Outro exemplo, a roupa - cada vez tenho menos e cada vez gosto mais do que tenho (mas vou deixar este tópico para outro post).



> os minimalistas estabelecem limites

"Uma estratégia para impedir, não digo a entrada, mas a instalação da tralha em casa é estabelecer limitesEstabelecer, por exemplo, que os livros não podem ocupar mais que 4 prateleiras, a roupa interior não pode ocupar mais que 1 gaveta, os lápis e canetas não podem ocupar mais que 1 copo na secretária, e por aí fora..."

Sim, ainda tenho limites cá em casa. Os livros têm de caber todos em sete prateleiras (na foto), a roupa tem de caber no roupeiro embutido e na cómoda Malm de seis gavetas, e por aí fora... Ao estabelecer limites às coisas que entram em casa, conseguimos manter apenas o essencial. E como sabem, mudei de casa há pouco mais de ano e meio para um apartamento maior, mas com uma cozinha mais pequena -  foi a oportunidade perfeita para destralhar ainda mais!


> os minimalistas poupam dinheiro

"As pessoas gastam dinheiro que não têm, para comprar coisas de que não precisam, para impressionar pessoas de quem não gostam."

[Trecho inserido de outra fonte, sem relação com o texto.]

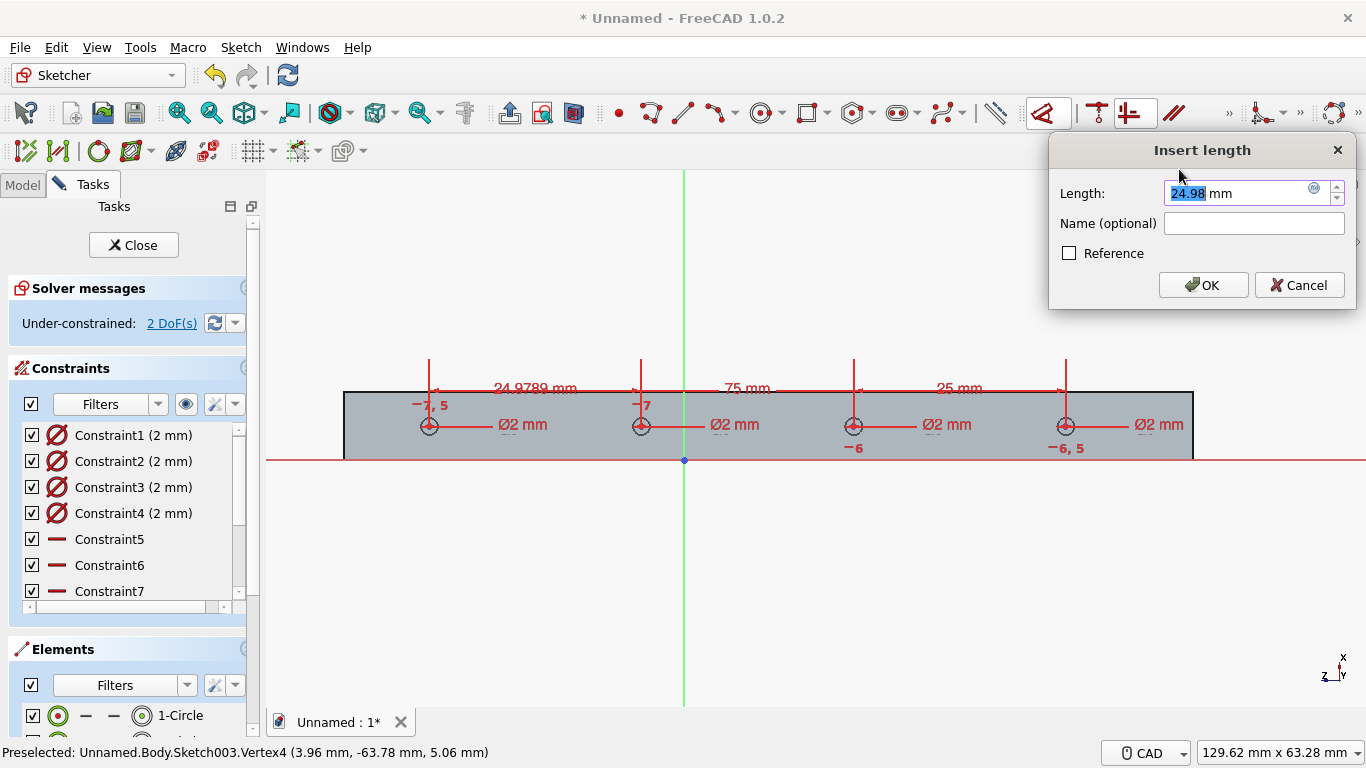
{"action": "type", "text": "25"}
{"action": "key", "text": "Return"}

Quando penso no dinheiro que gastava em coisas, sobretudo em roupa e sapatos, mas também em livros, ebooks, decoração, cursos online, coisas que, na sua maioria, não aproveitei como devia ser, até me dá arrepios!! Mas isso acabou, ou pelo menos, melhorou bastante!

Em relação à roupa, sapatos e malas, por exemplo, prefiro ter menos, mas de melhor qualidade. Prefiro ter duas malas, uma preta e uma castanha, de boa qualidade, clássicas, com um design intemporal, e, sim, caras, do que ter dez malas de várias cores e feitios que ao fim de alguns meses de uso começam a romper e a descolar. Aliás, tenho andado à procura de duas malas, uma preta e uma castanha, boas, caras, intemporais, que me durem muitos e muitos anos, mas ainda não encontrei nada suficientemente bom. A longo prazo, sim, poupa-se dinheiro optando pela qualidade em vez da quantidade.

> os minimalistas gostam de rotinas

"Geralmente ouvimos que as rotinas são restritivas e que devemos viver cada momento da vida à medida que a vida acontece, em vez de a planearmos. Não concordo. Estabelecer rotinas diárias e semanais ajuda-me imenso. As rotinas são de facto um dos aspectos fundamentais de uma vida simples e produtiva."

Há uns dias estive com motards que falavam do fugir às rotinas, como isso é importante, sair do trabalho, fim-de-semana a entrar, pegar na mota e ir por aí; pessoas que mudaram de vida, deixaram as rotinas que tinham e agora só fazem o que querem. Muitas pessoas falam das rotinas como se fosse uma coisa má. Eu discordo e acabo por me sentir um extraterrestre quando digo que adoro as minhas rotinas.

As rotinas criadas por mim, ajustadas à minha vida, aos meus objetivos, dão-me um conforto imenso. Saber que tenho o dia planeado de maneira a ter tempo para fazer tudo o que quero, saber que vou chegar a casa (no inverno) e tenho a lareira acesa, saber o que vai ser o jantar em cada dia... estas coisas, estas certezas tornam a vida mais fácil. Eu gosto das minhas rotinas. Fugir às rotinas para fazer coisas diferentes de vez em quando, sim, mas querer escapar às rotinas porque são tediosas - nunca!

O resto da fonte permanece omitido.